I have consumed for all of my life by the need to please – to make others happy before me – to the detriment of me. I didn’t realise this, of course, I thought I knew who I was – I had an identity.

A wife, a mother, a good daughter, a generally okay sister, if a bit irreverent at times, and the person at work who would problem solve when the shit hit the fan. I was the problem solver – I based my identity on that.

I lived for others and how I could serve them and make their lives better. If you asked me my favourite biscuit I would say a rich tea – the world’s most dull biscuit – but I was a rich tea – no identity other than a vessel to hold the shit of others – I held down my own thoughts but something has shifted and I cannot stop it, even if I want to.

Sitting outside my studio, which is full of work, I take my shoes off and rub my feet in the cool grass of the shade – and I remember – I remember that I love walking on grass. I love the way each blade slips effortlessly between each toe and the coolness of the ground soothing my rough skinned feet. I think why do I not do this more – why do I never do this – why do I never give into the things that I enjoy – always putting the shit of others before my likes.

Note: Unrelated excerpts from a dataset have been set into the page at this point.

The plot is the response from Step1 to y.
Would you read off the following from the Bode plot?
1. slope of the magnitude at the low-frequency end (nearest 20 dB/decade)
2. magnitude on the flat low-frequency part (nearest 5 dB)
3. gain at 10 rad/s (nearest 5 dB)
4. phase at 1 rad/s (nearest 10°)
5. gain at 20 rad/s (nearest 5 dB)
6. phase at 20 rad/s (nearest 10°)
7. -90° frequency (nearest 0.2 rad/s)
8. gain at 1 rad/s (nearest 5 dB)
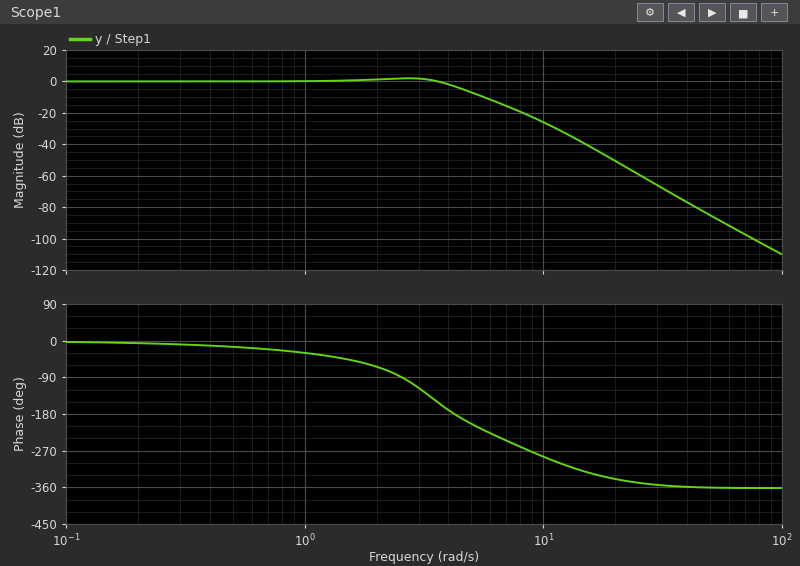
0 dB/decade
0 dB
-25 dB
-30°
-50 dB
-340°
2.6 rad/s
0 dB
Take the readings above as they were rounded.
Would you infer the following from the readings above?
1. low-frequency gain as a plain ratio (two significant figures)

1.0
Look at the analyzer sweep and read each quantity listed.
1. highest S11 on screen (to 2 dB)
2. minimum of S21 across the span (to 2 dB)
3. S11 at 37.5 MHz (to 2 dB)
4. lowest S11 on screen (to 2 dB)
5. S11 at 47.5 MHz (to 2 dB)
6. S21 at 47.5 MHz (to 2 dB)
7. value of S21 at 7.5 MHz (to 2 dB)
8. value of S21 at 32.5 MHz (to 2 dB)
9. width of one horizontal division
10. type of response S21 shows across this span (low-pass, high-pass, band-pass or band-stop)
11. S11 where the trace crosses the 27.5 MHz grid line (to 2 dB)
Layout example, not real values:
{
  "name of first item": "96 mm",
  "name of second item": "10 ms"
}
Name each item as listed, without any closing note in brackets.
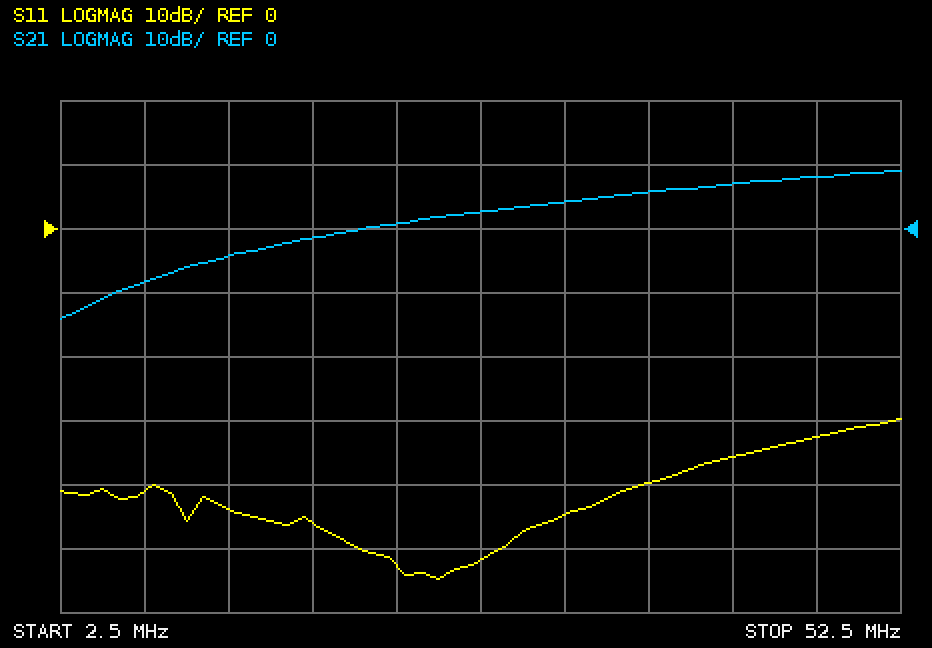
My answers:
{
  "highest S11 on screen": "-30 dB",
  "minimum of S21 across the span": "-14 dB",
  "S11 at 37.5 MHz": "-40 dB",
  "lowest S11 on screen": "-54 dB",
  "S11 at 47.5 MHz": "-32 dB",
  "S21 at 47.5 MHz": "8 dB",
  "value of S21 at 7.5 MHz": "-8 dB",
  "value of S21 at 32.5 MHz": "4 dB",
  "width of one horizontal division": "5 MHz",
  "type of response S21 shows across this span": "high-pass",
  "S11 where the trace crosses the 27.5 MHz grid line": "-52 dB"
}
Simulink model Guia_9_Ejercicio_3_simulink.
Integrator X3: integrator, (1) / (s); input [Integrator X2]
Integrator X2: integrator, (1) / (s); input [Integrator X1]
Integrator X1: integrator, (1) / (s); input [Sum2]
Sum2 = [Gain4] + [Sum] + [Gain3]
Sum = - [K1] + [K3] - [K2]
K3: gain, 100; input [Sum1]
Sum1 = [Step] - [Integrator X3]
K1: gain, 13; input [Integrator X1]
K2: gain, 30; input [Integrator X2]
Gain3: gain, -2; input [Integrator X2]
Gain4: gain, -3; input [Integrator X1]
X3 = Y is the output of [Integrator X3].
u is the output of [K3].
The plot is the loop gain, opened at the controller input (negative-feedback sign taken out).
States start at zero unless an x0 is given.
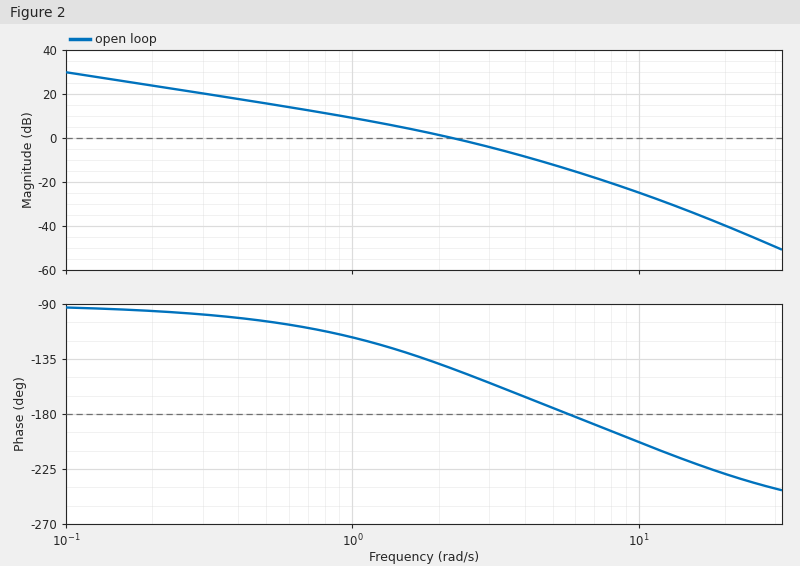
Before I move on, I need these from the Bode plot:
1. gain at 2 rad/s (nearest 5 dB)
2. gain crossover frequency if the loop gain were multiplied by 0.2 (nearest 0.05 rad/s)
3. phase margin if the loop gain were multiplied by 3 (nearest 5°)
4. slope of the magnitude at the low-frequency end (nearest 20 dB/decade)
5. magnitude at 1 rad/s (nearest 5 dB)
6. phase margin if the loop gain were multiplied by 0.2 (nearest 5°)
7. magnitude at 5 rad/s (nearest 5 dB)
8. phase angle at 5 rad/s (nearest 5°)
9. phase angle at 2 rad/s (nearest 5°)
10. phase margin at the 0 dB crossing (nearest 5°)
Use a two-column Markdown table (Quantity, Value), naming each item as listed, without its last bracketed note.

| Quantity | Value |
|---|---|
| gain at 2 rad/s | 0 dB |
| gain crossover frequency if the loop gain were multiplied by 0.2 | 0.60 rad/s |
| phase margin if the loop gain were multiplied by 3 | 10° |
| slope of the magnitude at the low-frequency end | -20 dB/decade |
| magnitude at 1 rad/s | 10 dB |
| phase margin if the loop gain were multiplied by 0.2 | 75° |
| magnitude at 5 rad/s | -10 dB |
| phase angle at 5 rad/s | -175° |
| phase angle at 2 rad/s | -140° |
| phase margin at the 0 dB crossing | 35° |
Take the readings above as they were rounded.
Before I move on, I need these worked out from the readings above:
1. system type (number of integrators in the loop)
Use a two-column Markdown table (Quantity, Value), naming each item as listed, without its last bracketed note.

| Quantity | Value |
|---|---|
| system type | 1 |
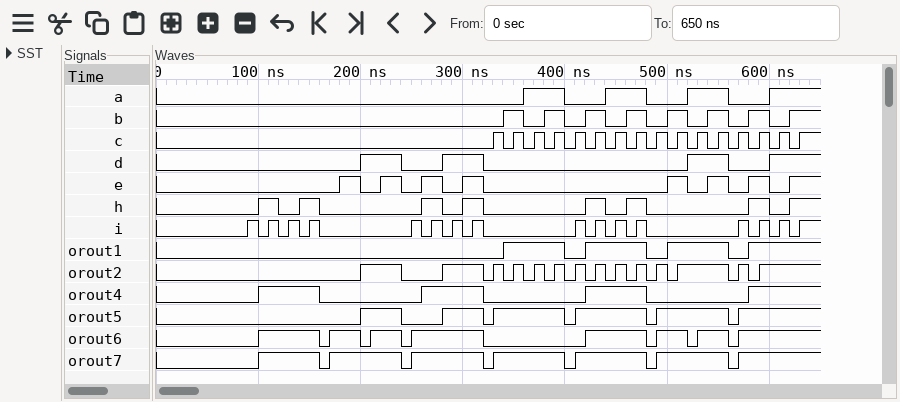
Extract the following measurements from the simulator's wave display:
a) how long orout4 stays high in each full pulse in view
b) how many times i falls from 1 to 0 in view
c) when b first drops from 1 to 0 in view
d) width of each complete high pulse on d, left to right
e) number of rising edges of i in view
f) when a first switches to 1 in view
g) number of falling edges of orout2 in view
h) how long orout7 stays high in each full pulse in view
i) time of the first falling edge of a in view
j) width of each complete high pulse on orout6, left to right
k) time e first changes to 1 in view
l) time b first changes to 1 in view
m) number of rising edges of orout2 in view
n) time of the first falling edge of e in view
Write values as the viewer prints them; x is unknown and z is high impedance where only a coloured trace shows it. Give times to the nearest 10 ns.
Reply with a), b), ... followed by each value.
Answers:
a) 60 ns, 60 ns, 60 ns
b) 15
c) 360 ns
d) 40 ns, 40 ns, 40 ns
e) 16
f) 360 ns
g) 13
h) 60 ns, 70 ns, 70 ns, 70 ns, 70 ns, 70 ns
i) 400 ns
j) 60 ns, 30 ns, 30 ns, 70 ns, 60 ns, 30 ns, 30 ns
k) 180 ns
l) 340 ns
m) 14
n) 200 ns
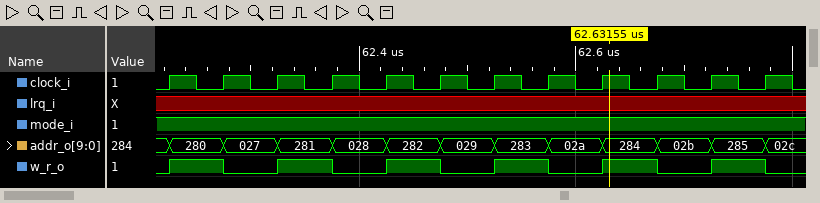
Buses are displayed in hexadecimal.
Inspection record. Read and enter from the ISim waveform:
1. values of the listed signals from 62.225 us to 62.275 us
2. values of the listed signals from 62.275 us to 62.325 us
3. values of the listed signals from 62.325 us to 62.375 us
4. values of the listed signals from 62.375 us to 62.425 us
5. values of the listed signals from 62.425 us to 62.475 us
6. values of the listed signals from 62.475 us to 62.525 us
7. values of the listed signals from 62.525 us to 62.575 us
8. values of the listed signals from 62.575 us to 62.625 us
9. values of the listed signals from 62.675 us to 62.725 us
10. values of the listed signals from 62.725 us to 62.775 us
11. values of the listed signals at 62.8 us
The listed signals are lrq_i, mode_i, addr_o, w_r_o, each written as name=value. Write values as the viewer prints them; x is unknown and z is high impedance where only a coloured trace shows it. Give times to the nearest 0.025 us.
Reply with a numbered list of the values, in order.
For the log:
1. lrq_i=x, mode_i=1, addr_o=280, w_r_o=1
2. lrq_i=x, mode_i=1, addr_o=027, w_r_o=0
3. lrq_i=x, mode_i=1, addr_o=281, w_r_o=1
4. lrq_i=x, mode_i=1, addr_o=028, w_r_o=0
5. lrq_i=x, mode_i=1, addr_o=282, w_r_o=1
6. lrq_i=x, mode_i=1, addr_o=029, w_r_o=0
7. lrq_i=x, mode_i=1, addr_o=283, w_r_o=1
8. lrq_i=x, mode_i=1, addr_o=02a, w_r_o=0
9. lrq_i=x, mode_i=1, addr_o=02b, w_r_o=0
10. lrq_i=x, mode_i=1, addr_o=285, w_r_o=1
11. lrq_i=x, mode_i=1, addr_o=02c, w_r_o=0

Rubbing my feet in the grass, I let my mind wander to the other things that I have forgotten I like. Going to the beach – no one ever wants to go – so I don’t go – I feel like a beach trip is too frivolous for me and a petrol waste on just one person – me. I love the breeze – the air- the isolation – the solitude – the space as I look into the horizon. I love a flask – a can of really cold diet coke – I love the sand sticking to my sun cream lathered skin.

I love to swim – I really love to swim – I like the water holding me as I move through the water – I love an empty pool in the early morning and I get out as it just starts to get busy. I had forgotten that – it seemed too frivolous to pay to go swimming when other things needed paying for and other things needed doing.

I love to write – I have a book – a memoir that needs to be typed up – the words not feeling important to be shared – they would laugh at me – nobody would get it – feeling that I would bore people with my words. I didn’t know I loved to write until I started – but I do – I had felt too stupid to write – too dyslexic to carve the story of my life into the words on a page.

I love to travel – I never have but when I have I love it. The freedom the newness – the warm air brushing my skin in the evening - I love the early mornings in a new place – so full of hope – so full of promise but without expectation – an experience to be drunk in with a whole heart. I love coffee in a piazza – with sugar – watching life – watching others as they breathe into their own lives.

I love the stillness of the early, early morning, I get up early but I don’t go out into it – fearful I will be needed for something – a shirt – a pair of trousers that have not been washed because they have been missing in action for days – I give up the stillness as I carry the weight of responsibility of others – this weight – this binding – these feelings have made me loose myself.

Something has changed – I don’t know what but it has – I want to remember who I am – or I want to be who I am now.

I want to write, I want to swim, I want to go to the beach, I want to travel, I want to absorb myself into the early mornings – I want to step into my life as I head towards 50 – not apologising for me – explaining away my art – apologising for having an opinion – apologising for talking in a crowd – I want to make a decision about what I want to do above others – rather than jumping into the slip stream of others.

Sat in my studio – my work on my walls – I can see me – the writing beside each piece really explaining what it is about. It is there for reading – it may be rewritten at some point – my words may develop – my thoughts may change – but I will not apologise.

This is working progress – this is the start of a long process to shake off the need to apologise – to begin to do the things that I love again – to find out my favourite colour – to be inquisitive but never to apologise to taking up space – never apologise for being me.